The statistical analysis was performed using SPSS version 26 (SPSS, Inc., Chicago, IL, USA). Statistical tests (χ² or Fisher's exact test) were used to compare proportions, with a significance threshold set at p < 0.05.

Quantitative variables such as age are presented as medians.

Qualitative variables (sex, resistance phenotype, etc.) are presented as frequencies and are expressed as percentages.

A total of 238 patients were included in the study. The proportion of males (56.3%) was slightly greater than that of females (43.7%) (Table 1). The mean age of the patients was 27.9 ± 10.7 years, with a predominance of the 21–40 age group (32.3%), followed by the 1–20 years (29.8%), 41–60 years (23.9%), and 61 years of age (13.9%).

Table 1: Sociodemographic characteristics of the patients (n = 238)

Characteristics	Number (N=238)	Percentage
Sex
Feminine	104	43,70%
Masculine	134	56,30%
Age range
1- 20	71	29,83%
21-40	77	32,35%
41-60	57	23,95%
>61 years old	33	13,87%

Average age (SD ±) 27,9 ± 10,7

Sensitivity analysis of the 238 strains of S. aureus revealed near-universal resistance to penicillin G (99%) and high resistance to oxacillin (79%), reflecting a high proportion of MRSA (Table 2). Strong resistance was observed for tetracycline (72%), ciprofloxacin (50%), gentamicin (43%) and trimethoprim-sulfamethoxazole (43%). In contrast, vancomycin (1% resistance), linezolid (7%), tigecycline (7%) and teicoplanin (2%) remained largely active.
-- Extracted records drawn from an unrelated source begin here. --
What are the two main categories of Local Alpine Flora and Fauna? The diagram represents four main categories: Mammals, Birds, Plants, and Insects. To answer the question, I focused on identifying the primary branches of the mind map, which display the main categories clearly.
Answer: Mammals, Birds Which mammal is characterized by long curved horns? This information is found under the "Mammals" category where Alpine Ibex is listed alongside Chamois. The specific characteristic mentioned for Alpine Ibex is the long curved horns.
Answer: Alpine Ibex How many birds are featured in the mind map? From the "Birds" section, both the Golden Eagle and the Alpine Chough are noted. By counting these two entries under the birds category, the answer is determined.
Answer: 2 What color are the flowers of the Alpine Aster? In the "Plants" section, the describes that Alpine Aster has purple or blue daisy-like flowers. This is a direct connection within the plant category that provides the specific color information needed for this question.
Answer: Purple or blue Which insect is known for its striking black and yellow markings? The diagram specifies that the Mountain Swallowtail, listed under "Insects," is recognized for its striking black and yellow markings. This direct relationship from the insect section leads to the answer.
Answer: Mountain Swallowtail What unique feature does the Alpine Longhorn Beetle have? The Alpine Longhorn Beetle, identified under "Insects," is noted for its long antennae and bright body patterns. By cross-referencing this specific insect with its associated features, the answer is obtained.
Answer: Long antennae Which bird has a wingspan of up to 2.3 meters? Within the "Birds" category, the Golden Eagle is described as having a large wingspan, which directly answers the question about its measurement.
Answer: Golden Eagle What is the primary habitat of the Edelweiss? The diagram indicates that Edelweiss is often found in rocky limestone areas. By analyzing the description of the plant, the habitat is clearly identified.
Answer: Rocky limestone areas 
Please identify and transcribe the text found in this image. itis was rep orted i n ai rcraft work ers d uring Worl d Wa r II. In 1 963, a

Table 2: Antibiotic resistance patterns of S. aureus strains

Antibiotics	Resistance fighters (%)
Antibiotics	N=238
Penicillin G	99%
Oxacilline	79%
Gentamicin	43%
Erythromycin	38%
Clindamycine	22%
Quinupristine-Dalfopristine	8%
Ciprofloxacin	50%
Moxifloxacin	42%
Levofloxacin	36%
Tetracycline	72%
Tigecycline	7%
Linezolide	7%
Nitrofurantoin	4%
Teicoplanin	2%
Vancomycine	1%
Trimethoprim-Sulfamethoxazole	43%

Figure 2 shows a high predominance of methicillin-resistant S. aureus isolates (68.1%), a significant number of resistant strains through penicillinase production (21.8%), and a low proportion of methicillin-susceptible isolates (10.1%).

Comparative analysis of data from the four laboratories participating in the study highlighted marked heterogeneity in the distribution of Staphylococcus aureus phenotypes, particularly with regard to methicillin resistance (MRSA).
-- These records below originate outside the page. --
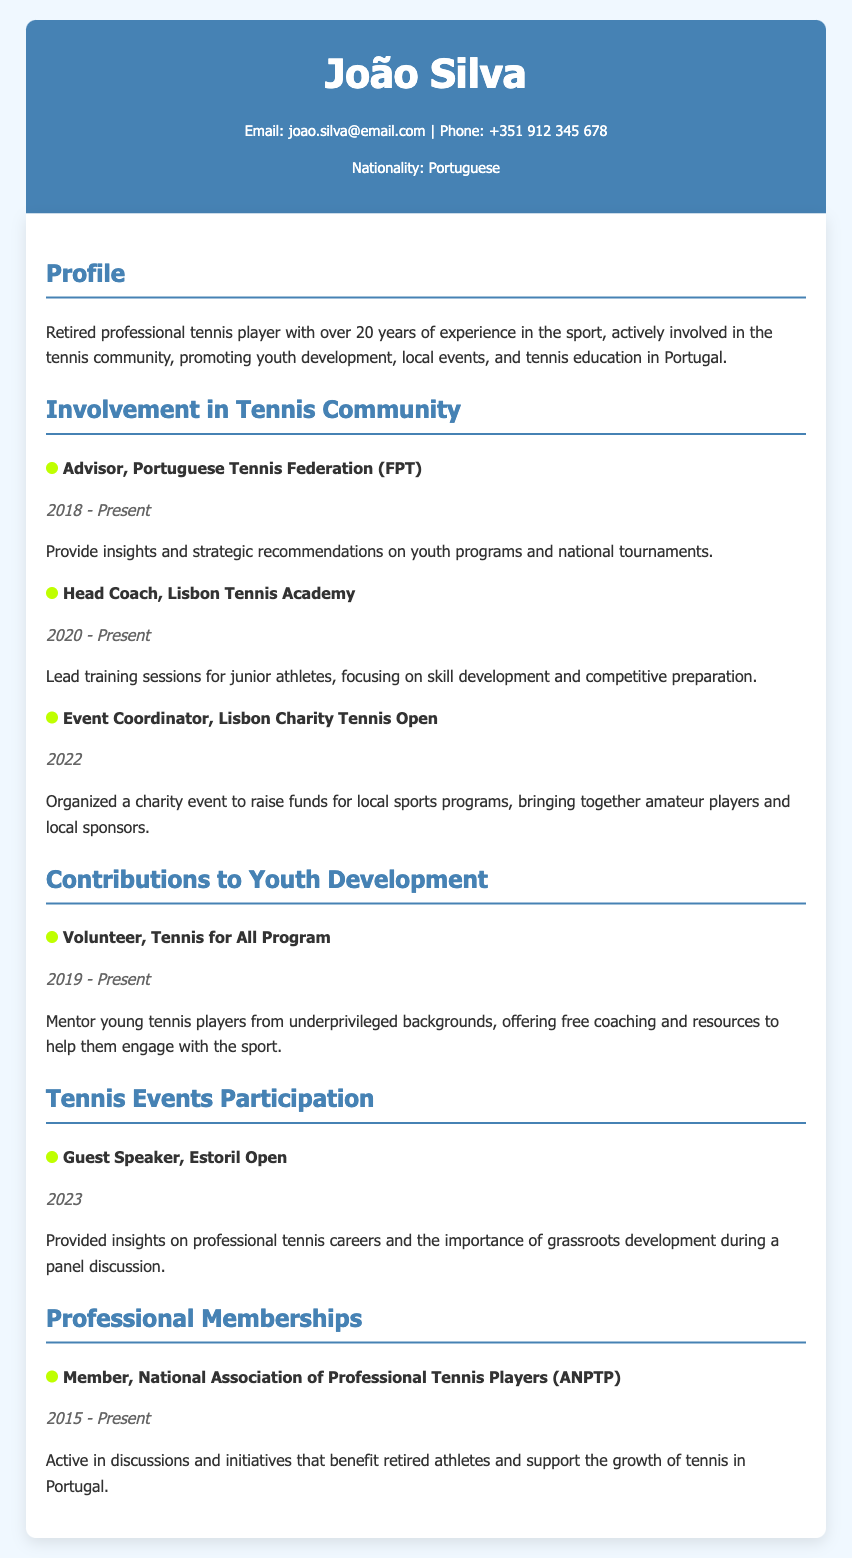What is João Silva's role at the Portuguese Tennis Federation? The role at the Portuguese Tennis Federation is explicitly mentioned in the document as "Advisor."
Answer: Advisor When did João Silva start coaching at the Lisbon Tennis Academy? The starting year for his coaching role at the Lisbon Tennis Academy is provided in the document as 2020.
Answer: 2020 What event did João Silva coordinate in 2022? The document specifies the event he coordinated as the "Lisbon Charity Tennis Open."
Answer: Lisbon Charity Tennis Open How long has João Silva been a member of the National Association of Professional Tennis Players? The document indicates he has been a member since 2015 and has therefore been involved for 8 years.
Answer: 8 years What type of program is "Tennis for All"? The document states that "Tennis for All" is described as a mentoring program for young tennis players from underprivileged backgrounds.
Answer: Mentoring program What position did João Silva hold at the Estoril Open in 2023? The document outlines that he served as a "Guest Speaker" at the Estoril Open.
Answer: Guest Speaker What is the main focus of João Silva's training sessions at the Lisbon Tennis Academy? The document mentions that the focus is on "skill development and competitive preparation."
Answer: Skill development and competitive preparation In what year did João Silva begin his volunteer efforts with the Tennis for All Program? The document indicates he started volunteering in 2019.
Answer: 2019 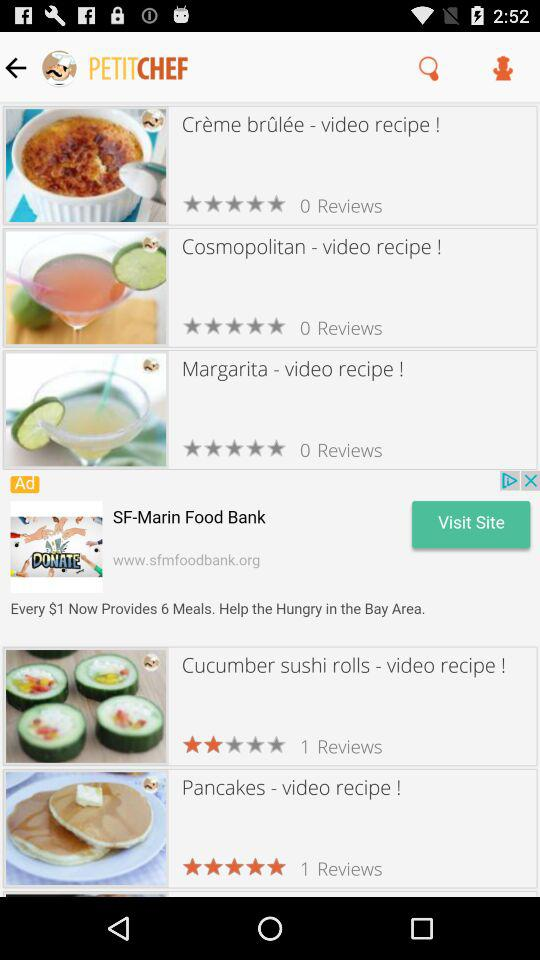What is the rating for "Pancakes"? The rating is 5 stars. 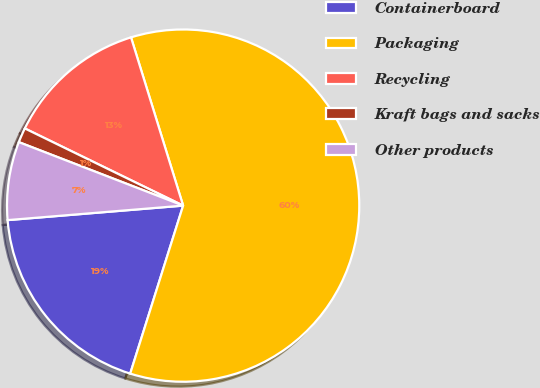Convert chart to OTSL. <chart><loc_0><loc_0><loc_500><loc_500><pie_chart><fcel>Containerboard<fcel>Packaging<fcel>Recycling<fcel>Kraft bags and sacks<fcel>Other products<nl><fcel>18.83%<fcel>59.64%<fcel>13.0%<fcel>1.35%<fcel>7.18%<nl></chart> 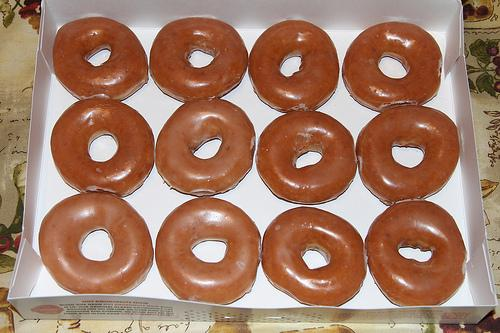How many doughnuts are in rows and covering approximately two-thirds of the box? There are eight doughnuts in two rows covering around two-thirds of the box. Are all the doughnuts in the box having the same glaze color? Yes, all the doughnuts in the box have the same white glaze color. Count the total number of doughnuts with a darker color in the image. There is one darker doughnut in the image. What is the total number of fruit and vegetable prints visible on the tablecloth? There are at least two different fruit and vegetable patterns on the tablecloth. What material is the box in the image made of? The box is made of cardboard. Describe any text or printing present on the donut box. There is writing on the side of the box, but its content is not specified in the image description. Evaluate the donut quality solely based on the visible appearance. The donuts appear to be of high quality, featuring smooth glaze and consistent coloring. Explain the visual sentiment portrayed in the image. The image conveys satisfaction and sweetness with a box of glazed doughnuts placed on a patterned tablecloth. Identify the primary object in the image and how many of it are present. There are 12 plain glazed doughnuts in the image. Describe the tablecloth in the image. The tablecloth has a pattern that includes vegetable prints and leaves. What is the main sentiment evoked by the image? Temptation or indulgence. Identify any discrepancies or abnormalities in the doughnuts in the last row. One doughnut is darker and another center is misshapen. Count the total number of glazed doughnuts in the image. 12 glazed doughnuts. Read the writing on the side of the box. Not available, the text is unspecified in the image information. Describe the attributes of the tablecloth. The tablecloth is patterned with a leaf or vegetable print. Is there any fruit on the table cloth? No, the pattern includes leaves or vegetables but not fruit. How large is the box holding the doughnuts? The box dimensions are X:25 Y:6 Width:470 Height:470. Is the doughnut at X:155 Y:196 frosted or glazed? Glazed. Analyze the interaction between the tablecloth and the doughnut box. The tablecloth provides a decorative surface for the doughnut box to rest on. How many rows are there in the box of a dozen doughnuts? Two rows. Are there only three donuts in the box located at X:27 Y:5 Width:469 Height:469? The instruction suggests that the box contains only three doughnuts, while the image contains multiple instances of boxes with various numbers of doughnuts, such as six glazed doughnuts, four brown glazed doughnuts, and a dozen glazed doughnuts. How many doughnuts are in the row with three doughnuts? Three. What kind of pattern is on the tablecloth? Leaf or vegetable pattern. What is the shape of the object at X:387 Y:198 Width:120 Height:120? It is a doughnut shape with a hole in the center. Can you see a rectangular tablecloth with a geometric pattern at X:2 Y:7 Width:55 Height:55? The instruction mentions a rectangular shape and a geometric pattern for the tablecloth, while the actual object is a tablecloth with a pattern of leaves or vegetables. Is there a small green donut box at X:25 Y:6 and Width:470 Height:470? The instruction incorrectly states the color and size of the donut box as green and small, while the actual object is a large white donut box. Describe the main object in the image. A plain glazed doughnut. What is the color of the doughnut with white glaze? Brown. Is there a blue glazed doughnut at X:50 Y:17 and Width:95 Height:95? The instruction falsely specifies the color of the doughnut as blue, while it is actually a plain glazed doughnut, which is likely brown or white. Evaluate the image quality in terms of sharpness and lighting. The image quality is good with clear sharpness and balanced lighting. Can you spot a drawing of a fish on the tablecloth located at X:468 Y:8 Width:31 Height:31? The instruction mentions a drawing of a fish on the tablecloth, but the actual object in the image is a tablecloth with a vegetable pattern or drawing of beets. Find any anomalies or unusual aspects in the image. The center of one doughnut is misshapen. Identify the object referred to as "a brown glazed donut." The doughnut at X:338 Y:7 Width:110 Height:110. Test whether the doughnuts are brown or another color. The doughnuts are brown. Do you find a doughnut without a hole in the position X:351 Y:188 Width:126 Height:126? The instruction describes a doughnut without a hole, but the actual object in the image is a doughnut with a hole in it.

The distribution of phenotypes revealed that penicillinase-producing strains were more common in pus (71.1%), followed by urine (15.4%) and blood (7.7%). MRSA was mostly isolated from pus (43.8%) and urine (36.4%), while the percentage of MRSA in CSF was zero (Table 3).

Table 3: Distribution of S. aureus phenotypes by sample type

Type of samples	Pénicillinases	Wild phenotypes	SARM
LCR	0.00%	12.50%	0.00%
Pus	71.15%	58.33%	43.83%
Blood	7.69%	20.83%	17.90%
Semen	5.77%	0.00%	1.85%
Urine	15.38%	8.33%	36.42%

MRSA predominated among the 238 isolates, with a significantly greater frequency in the hospital setting (74.2%) than in the community setting (57.5%) (p<0.01). Penicillinases exhibit a balanced distribution between the two environments, unlike those of wild strains, which remain in the minority.
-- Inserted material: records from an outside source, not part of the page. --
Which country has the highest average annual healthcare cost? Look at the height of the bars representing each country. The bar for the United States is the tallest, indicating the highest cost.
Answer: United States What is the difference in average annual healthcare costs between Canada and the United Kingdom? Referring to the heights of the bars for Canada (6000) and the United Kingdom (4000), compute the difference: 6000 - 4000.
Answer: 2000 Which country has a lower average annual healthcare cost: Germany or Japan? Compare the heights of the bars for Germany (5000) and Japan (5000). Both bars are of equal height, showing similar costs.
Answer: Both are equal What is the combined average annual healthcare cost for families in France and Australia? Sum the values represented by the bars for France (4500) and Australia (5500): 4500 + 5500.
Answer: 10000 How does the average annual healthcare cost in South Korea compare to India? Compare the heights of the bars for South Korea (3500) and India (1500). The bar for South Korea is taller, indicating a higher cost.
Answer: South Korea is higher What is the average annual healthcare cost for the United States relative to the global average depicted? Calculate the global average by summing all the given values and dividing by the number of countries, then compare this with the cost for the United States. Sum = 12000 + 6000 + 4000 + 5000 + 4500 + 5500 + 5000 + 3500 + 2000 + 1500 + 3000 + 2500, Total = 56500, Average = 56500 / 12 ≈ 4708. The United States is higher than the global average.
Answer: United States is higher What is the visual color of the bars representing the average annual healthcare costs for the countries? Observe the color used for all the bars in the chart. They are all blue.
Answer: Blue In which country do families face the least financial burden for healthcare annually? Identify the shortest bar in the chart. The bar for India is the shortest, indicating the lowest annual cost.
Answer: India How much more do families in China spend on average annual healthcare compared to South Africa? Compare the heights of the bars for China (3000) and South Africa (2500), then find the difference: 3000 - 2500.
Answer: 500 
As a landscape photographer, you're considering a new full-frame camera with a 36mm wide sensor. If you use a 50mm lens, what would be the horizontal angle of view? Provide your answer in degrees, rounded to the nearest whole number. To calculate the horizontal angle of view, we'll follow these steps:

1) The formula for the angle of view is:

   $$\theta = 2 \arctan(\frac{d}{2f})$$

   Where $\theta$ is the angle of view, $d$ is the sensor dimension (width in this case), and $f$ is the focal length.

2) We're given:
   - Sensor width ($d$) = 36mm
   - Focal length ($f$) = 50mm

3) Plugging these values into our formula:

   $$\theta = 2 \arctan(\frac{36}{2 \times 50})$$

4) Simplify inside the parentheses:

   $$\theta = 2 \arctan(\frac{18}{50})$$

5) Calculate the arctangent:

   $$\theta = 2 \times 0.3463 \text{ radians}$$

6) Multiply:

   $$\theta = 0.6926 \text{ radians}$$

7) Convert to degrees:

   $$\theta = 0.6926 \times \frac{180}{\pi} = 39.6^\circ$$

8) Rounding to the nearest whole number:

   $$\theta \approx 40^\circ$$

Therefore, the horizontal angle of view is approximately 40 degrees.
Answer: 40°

Phenotypes	Origins of the levy		P value	Total
Phenotypes	Community	Hospital	P value	Total
Pénicillinases	26	26		52
Wild phenotypes	11	13	*p < 0.01*	24
SARM	50	112		162
Total	87	151		238

The proportion of MRSA increased significantly between 2023 and 2024 (p < 0.01). In 2023, 32.7% of the isolates were MRSA (n=53), whereas 67.3% were MRSA in 2024 (n=109) (Table 4). The majority of MRSA strains originated in pus (43.8%) and urine (36.4%).

Table 4: Distribution of MRSA by year and sample type

	SARM (N=162)	P value
Years		p < 0.01
2023	53 (32,72%)
2024	109 (67,28%)
Types of samples
Pus (n=122)	71 (43,83%)	p < 0.01
Urine ((n=69)	59 (36,42%)
Blood (n=38)	29 (17,90%)
Semen (n=06)	3 (1,85%)
CSF (n=03)	0 (0,00%)

Among all 162 MRSA strains, the following strains exhibited marked multidrug resistance: gentamicin (50%), erythromycin (46%), ciprofloxacin (50%), moxifloxacin (49%), tetracycline (67%), and trimethoprim-sulfamethoxazole (51%) (Table 5). In contrast, resistance to linezolid (6%), tigecycline (8%) and vancomycin (1%) remained low.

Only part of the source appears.